Copy each line below in which the string "around" occurs.

*** Extracted material Section Begins ***

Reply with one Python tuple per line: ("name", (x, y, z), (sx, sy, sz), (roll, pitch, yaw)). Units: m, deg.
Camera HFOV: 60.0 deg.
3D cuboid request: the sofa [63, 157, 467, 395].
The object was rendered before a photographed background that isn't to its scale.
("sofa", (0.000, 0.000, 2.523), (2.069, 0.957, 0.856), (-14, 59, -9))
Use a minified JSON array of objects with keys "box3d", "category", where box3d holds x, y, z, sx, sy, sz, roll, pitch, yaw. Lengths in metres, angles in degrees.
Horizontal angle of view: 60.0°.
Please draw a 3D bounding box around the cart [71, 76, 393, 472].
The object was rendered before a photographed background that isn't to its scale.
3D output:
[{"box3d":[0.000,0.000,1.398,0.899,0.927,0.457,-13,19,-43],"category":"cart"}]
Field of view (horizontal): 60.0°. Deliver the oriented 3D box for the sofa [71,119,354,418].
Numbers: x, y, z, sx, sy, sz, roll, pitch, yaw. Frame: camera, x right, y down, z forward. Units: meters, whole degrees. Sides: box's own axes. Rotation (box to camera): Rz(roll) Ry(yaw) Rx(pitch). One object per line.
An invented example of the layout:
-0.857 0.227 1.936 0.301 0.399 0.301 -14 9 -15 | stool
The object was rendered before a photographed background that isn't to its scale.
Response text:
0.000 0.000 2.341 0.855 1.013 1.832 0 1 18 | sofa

*** Extracted material Section Ends ***
*** Extracted material Section Begins ***

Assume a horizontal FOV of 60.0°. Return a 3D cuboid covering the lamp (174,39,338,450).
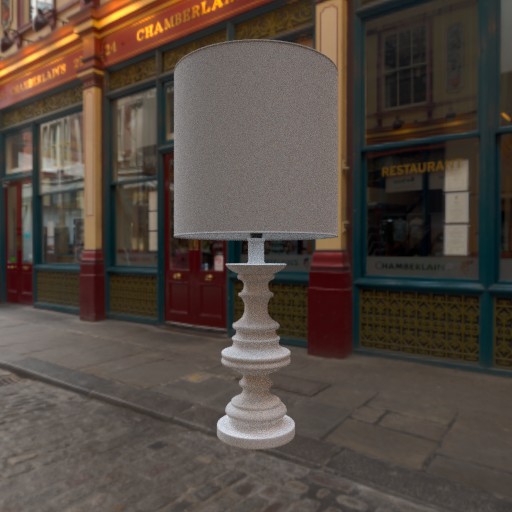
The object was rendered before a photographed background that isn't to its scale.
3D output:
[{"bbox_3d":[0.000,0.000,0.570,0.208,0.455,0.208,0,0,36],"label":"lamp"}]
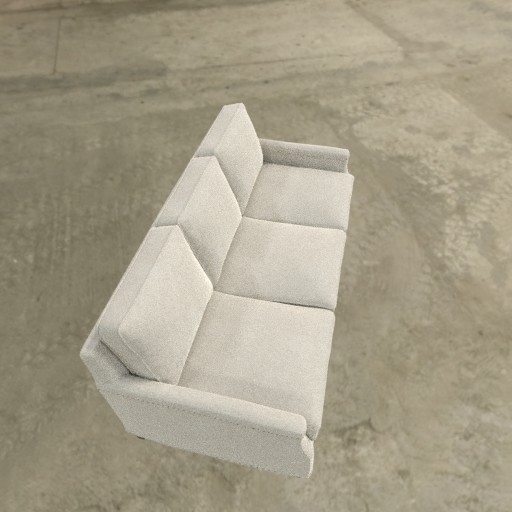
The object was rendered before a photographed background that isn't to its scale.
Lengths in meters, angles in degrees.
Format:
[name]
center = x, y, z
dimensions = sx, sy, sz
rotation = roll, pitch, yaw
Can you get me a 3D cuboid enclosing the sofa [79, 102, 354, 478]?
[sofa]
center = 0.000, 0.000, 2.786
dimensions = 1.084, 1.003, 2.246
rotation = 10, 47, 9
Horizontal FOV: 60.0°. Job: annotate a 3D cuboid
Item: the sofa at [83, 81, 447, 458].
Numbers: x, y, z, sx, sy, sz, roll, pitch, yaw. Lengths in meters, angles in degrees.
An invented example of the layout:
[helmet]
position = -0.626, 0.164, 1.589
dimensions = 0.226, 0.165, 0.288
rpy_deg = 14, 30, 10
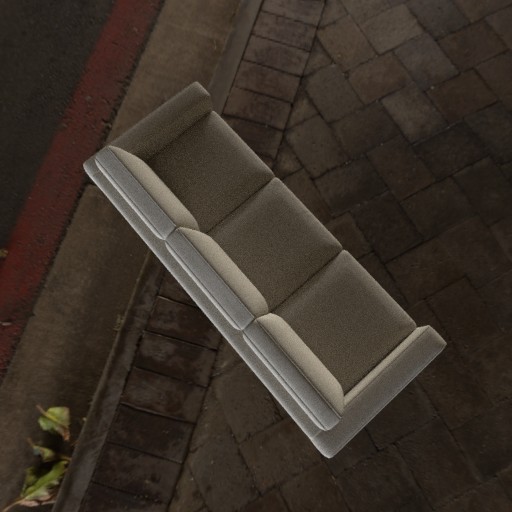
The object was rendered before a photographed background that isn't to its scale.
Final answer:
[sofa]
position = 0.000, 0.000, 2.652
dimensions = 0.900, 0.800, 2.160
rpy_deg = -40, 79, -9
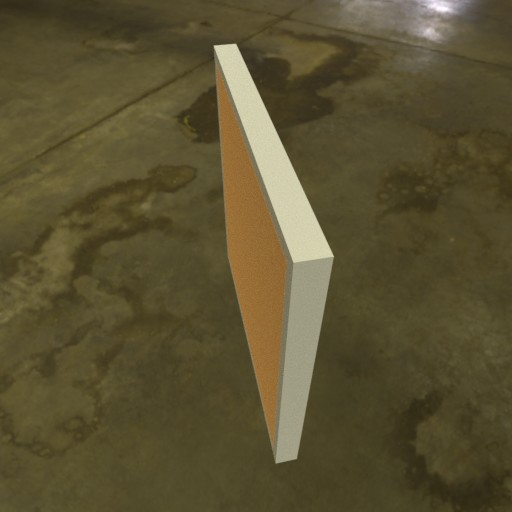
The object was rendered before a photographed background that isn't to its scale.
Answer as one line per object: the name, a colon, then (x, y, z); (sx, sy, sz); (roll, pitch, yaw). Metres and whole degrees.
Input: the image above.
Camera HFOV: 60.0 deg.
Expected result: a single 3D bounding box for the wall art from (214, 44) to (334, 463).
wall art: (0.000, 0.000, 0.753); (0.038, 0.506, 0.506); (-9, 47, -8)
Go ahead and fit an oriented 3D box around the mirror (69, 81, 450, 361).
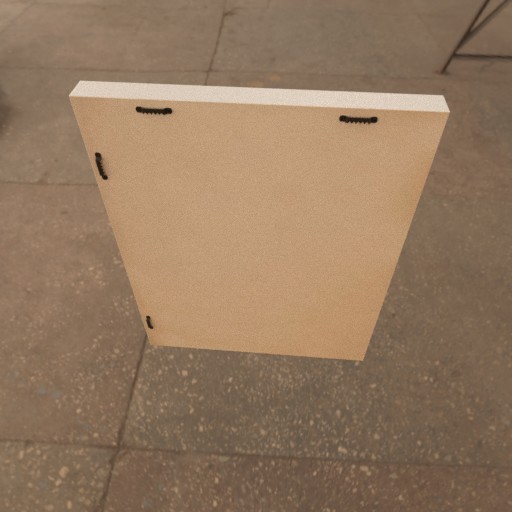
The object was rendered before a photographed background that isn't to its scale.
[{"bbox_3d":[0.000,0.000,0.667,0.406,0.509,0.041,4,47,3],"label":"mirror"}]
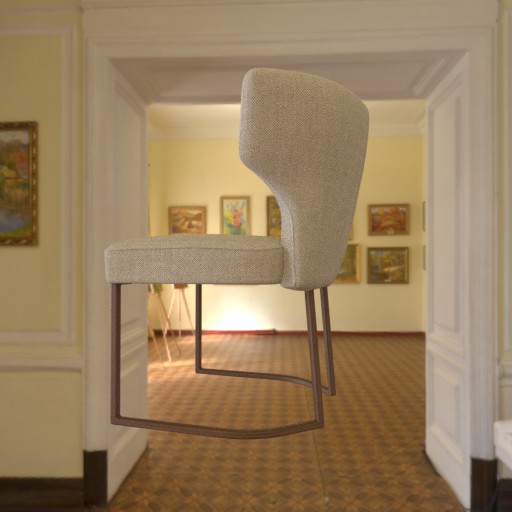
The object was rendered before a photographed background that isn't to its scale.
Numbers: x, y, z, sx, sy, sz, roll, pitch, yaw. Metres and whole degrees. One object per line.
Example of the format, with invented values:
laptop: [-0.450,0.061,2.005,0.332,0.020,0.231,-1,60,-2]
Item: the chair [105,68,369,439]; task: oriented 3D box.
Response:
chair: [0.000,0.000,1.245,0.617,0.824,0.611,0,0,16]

*** Extracted material Section Ends ***
*** Extracted material Section Begins ***

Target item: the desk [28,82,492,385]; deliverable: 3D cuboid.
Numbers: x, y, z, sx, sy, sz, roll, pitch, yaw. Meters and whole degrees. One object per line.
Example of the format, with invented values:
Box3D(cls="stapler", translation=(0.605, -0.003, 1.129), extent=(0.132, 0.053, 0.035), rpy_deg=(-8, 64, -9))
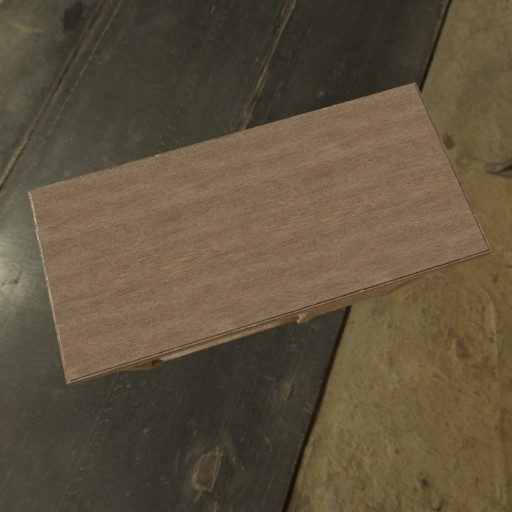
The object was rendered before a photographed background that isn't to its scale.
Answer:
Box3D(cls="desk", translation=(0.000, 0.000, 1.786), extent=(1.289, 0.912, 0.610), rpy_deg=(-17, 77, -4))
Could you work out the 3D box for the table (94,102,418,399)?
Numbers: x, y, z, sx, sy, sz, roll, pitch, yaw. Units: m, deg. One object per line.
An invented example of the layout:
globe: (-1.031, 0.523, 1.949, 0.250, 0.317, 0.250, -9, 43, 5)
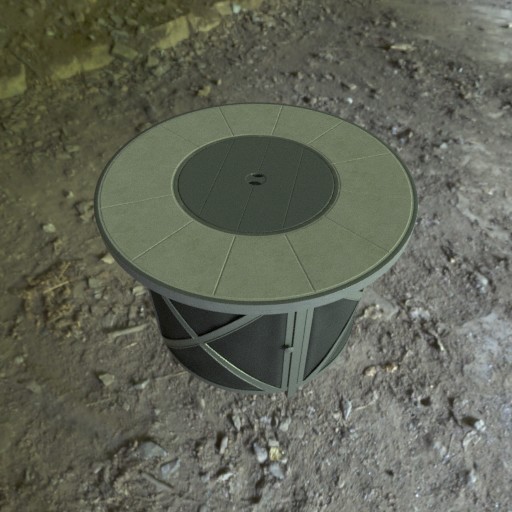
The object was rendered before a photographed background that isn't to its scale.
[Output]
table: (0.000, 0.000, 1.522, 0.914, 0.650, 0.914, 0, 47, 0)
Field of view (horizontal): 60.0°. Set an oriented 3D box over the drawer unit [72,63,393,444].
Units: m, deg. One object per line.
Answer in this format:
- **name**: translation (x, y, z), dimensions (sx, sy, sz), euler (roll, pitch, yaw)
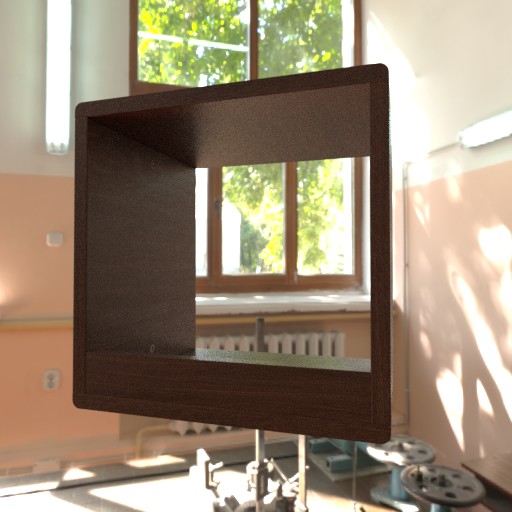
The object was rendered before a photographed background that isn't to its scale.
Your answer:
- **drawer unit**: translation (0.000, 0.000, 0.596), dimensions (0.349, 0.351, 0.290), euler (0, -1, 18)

*** Extracted material Section Ends ***

Task result:
Please draw a 3D bounding box around the cart [71, 76, 393, 472].
Go ahead and fit an oriented 3D box around the mirror (69, 81, 450, 361).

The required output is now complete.